EXERCISE OBJECTIVE ::
If a line in the records below contains the word "roll", copy it out.

[Source records]
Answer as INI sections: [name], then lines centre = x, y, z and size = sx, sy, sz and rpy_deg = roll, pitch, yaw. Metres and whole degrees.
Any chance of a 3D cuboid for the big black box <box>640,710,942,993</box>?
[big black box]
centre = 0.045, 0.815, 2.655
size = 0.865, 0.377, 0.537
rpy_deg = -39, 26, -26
--
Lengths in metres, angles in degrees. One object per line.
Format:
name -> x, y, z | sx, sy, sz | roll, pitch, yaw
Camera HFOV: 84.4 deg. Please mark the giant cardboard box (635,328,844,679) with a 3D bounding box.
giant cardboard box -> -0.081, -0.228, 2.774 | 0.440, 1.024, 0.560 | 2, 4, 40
...
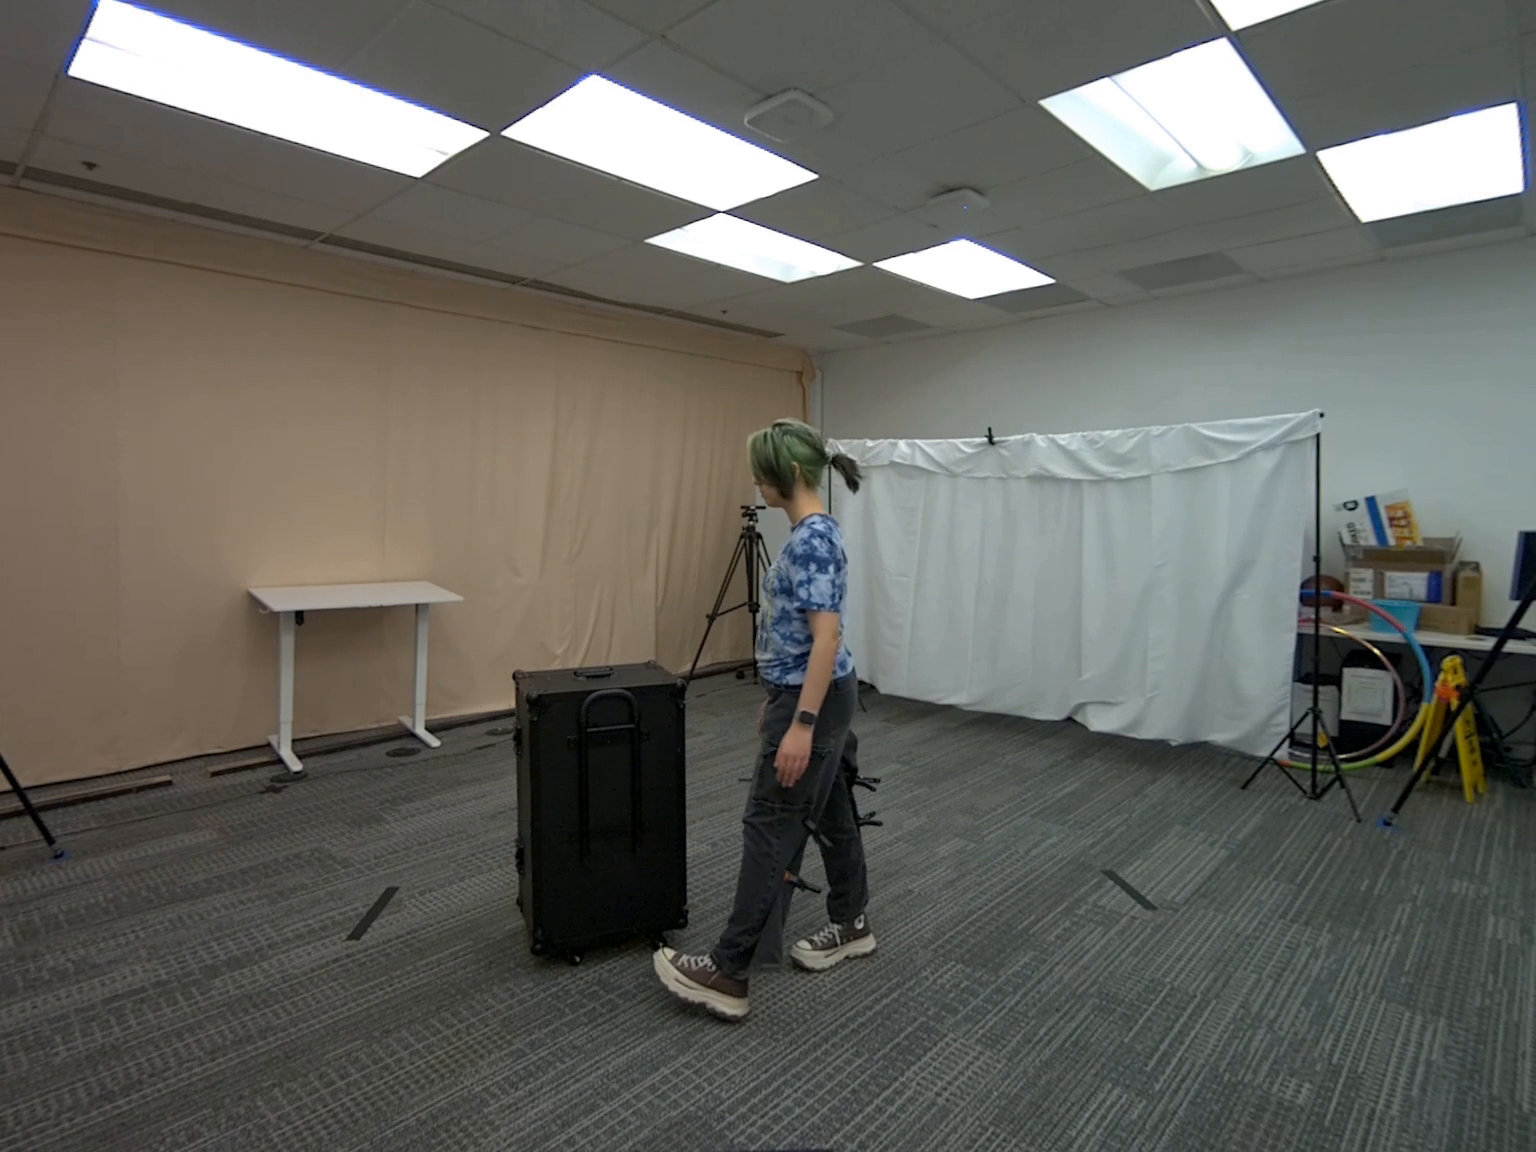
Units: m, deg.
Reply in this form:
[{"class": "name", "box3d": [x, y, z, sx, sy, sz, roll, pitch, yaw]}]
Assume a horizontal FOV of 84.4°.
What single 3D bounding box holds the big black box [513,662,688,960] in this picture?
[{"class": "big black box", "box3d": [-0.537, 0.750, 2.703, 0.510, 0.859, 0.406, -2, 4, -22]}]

RESPONSE TO THIS TASK ::
Answer as INI sections: [name], then lines centre = x, y, z and size = sx, sy, sz and rpy_deg = roll, pitch, yaw. Metres and whole degrees.
name -> x, y, z | sx, sy, sz | roll, pitch, yaw
[{"class": "name", "box3d": [x, y, z, sx, sy, sz, roll, pitch, yaw]}]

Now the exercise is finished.